All of the data that follows should be retyped exactly, please, except the pictures.

Source records START

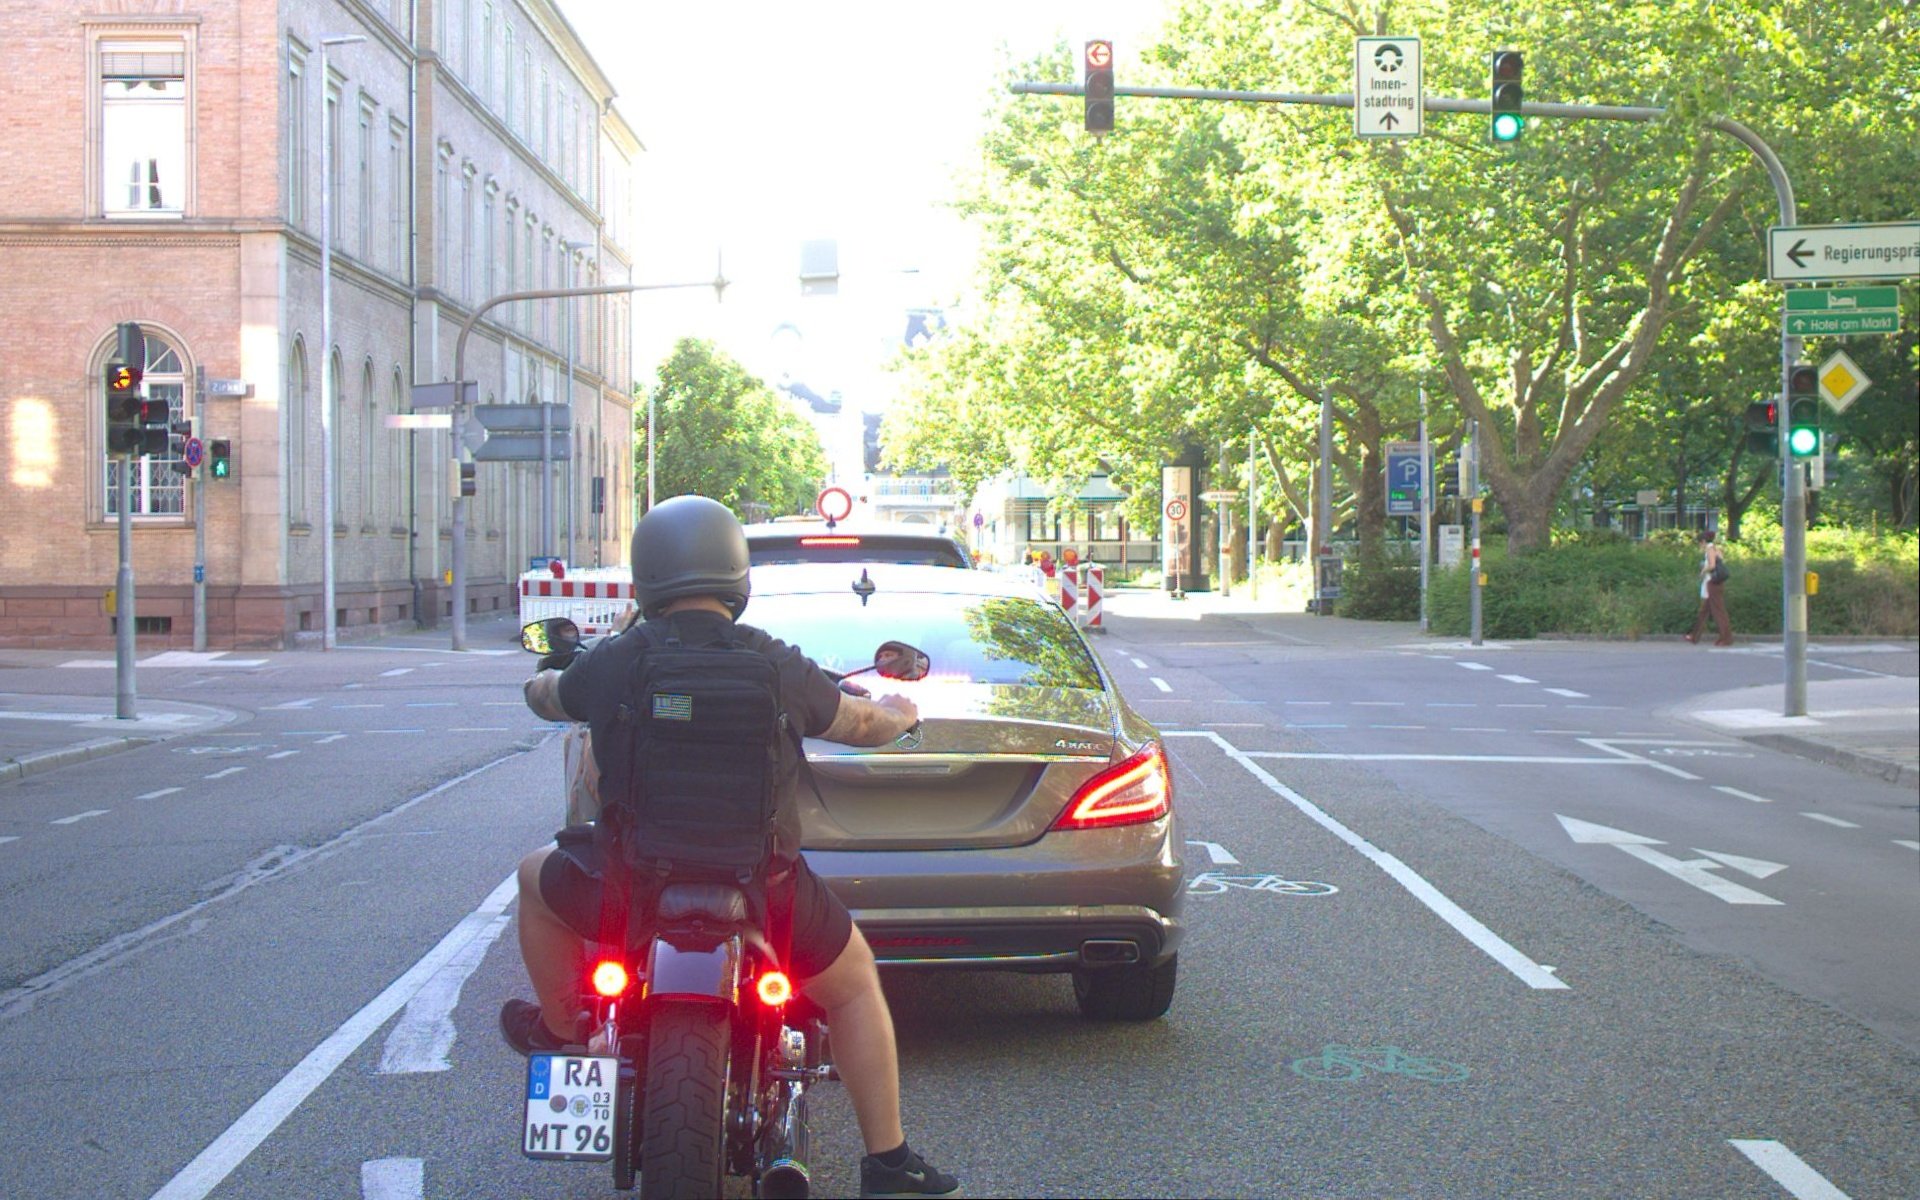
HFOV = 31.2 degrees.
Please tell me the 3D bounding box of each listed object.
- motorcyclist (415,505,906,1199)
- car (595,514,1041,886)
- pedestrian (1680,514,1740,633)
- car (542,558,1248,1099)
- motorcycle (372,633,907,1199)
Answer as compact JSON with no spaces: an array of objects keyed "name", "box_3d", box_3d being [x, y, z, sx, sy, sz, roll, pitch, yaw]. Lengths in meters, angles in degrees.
[{"name":"motorcyclist","box_3d":[-0.612,0.584,7.556,0.980,1.573,1.248,0,1,-1]},{"name":"car","box_3d":[-0.665,0.433,17.557,1.993,1.660,4.000,1,1,-1]},{"name":"pedestrian","box_3d":[11.243,-0.399,51.527,0.678,1.766,0.616,1,0,34]},{"name":"car","box_3d":[-0.431,0.590,11.635,1.869,1.439,4.431,0,1,-8]},{"name":"motorcycle","box_3d":[-0.611,0.743,7.577,0.980,1.271,2.407,0,1,-1]}]

Source records END

| Task result |
HFOV = 31.2 degrees.
Please tell me the 3D bounding box of each listed object.
- motorcyclist (415,505,906,1199)
- car (595,514,1041,886)
- pedestrian (1680,514,1740,633)
- car (542,558,1248,1099)
- motorcycle (372,633,907,1199)
Answer as compact JSON with no spaces: an array of objects keyed "name", "box_3d", box_3d being [x, y, z, sx, sy, sz, roll, pitch, yaw]. Lengths in meters, angles in degrees.
[{"name":"motorcyclist","box_3d":[-0.612,0.584,7.556,0.980,1.573,1.248,0,1,-1]},{"name":"car","box_3d":[-0.665,0.433,17.557,1.993,1.660,4.000,1,1,-1]},{"name":"pedestrian","box_3d":[11.243,-0.399,51.527,0.678,1.766,0.616,1,0,34]},{"name":"car","box_3d":[-0.431,0.590,11.635,1.869,1.439,4.431,0,1,-8]},{"name":"motorcycle","box_3d":[-0.611,0.743,7.577,0.980,1.271,2.407,0,1,-1]}]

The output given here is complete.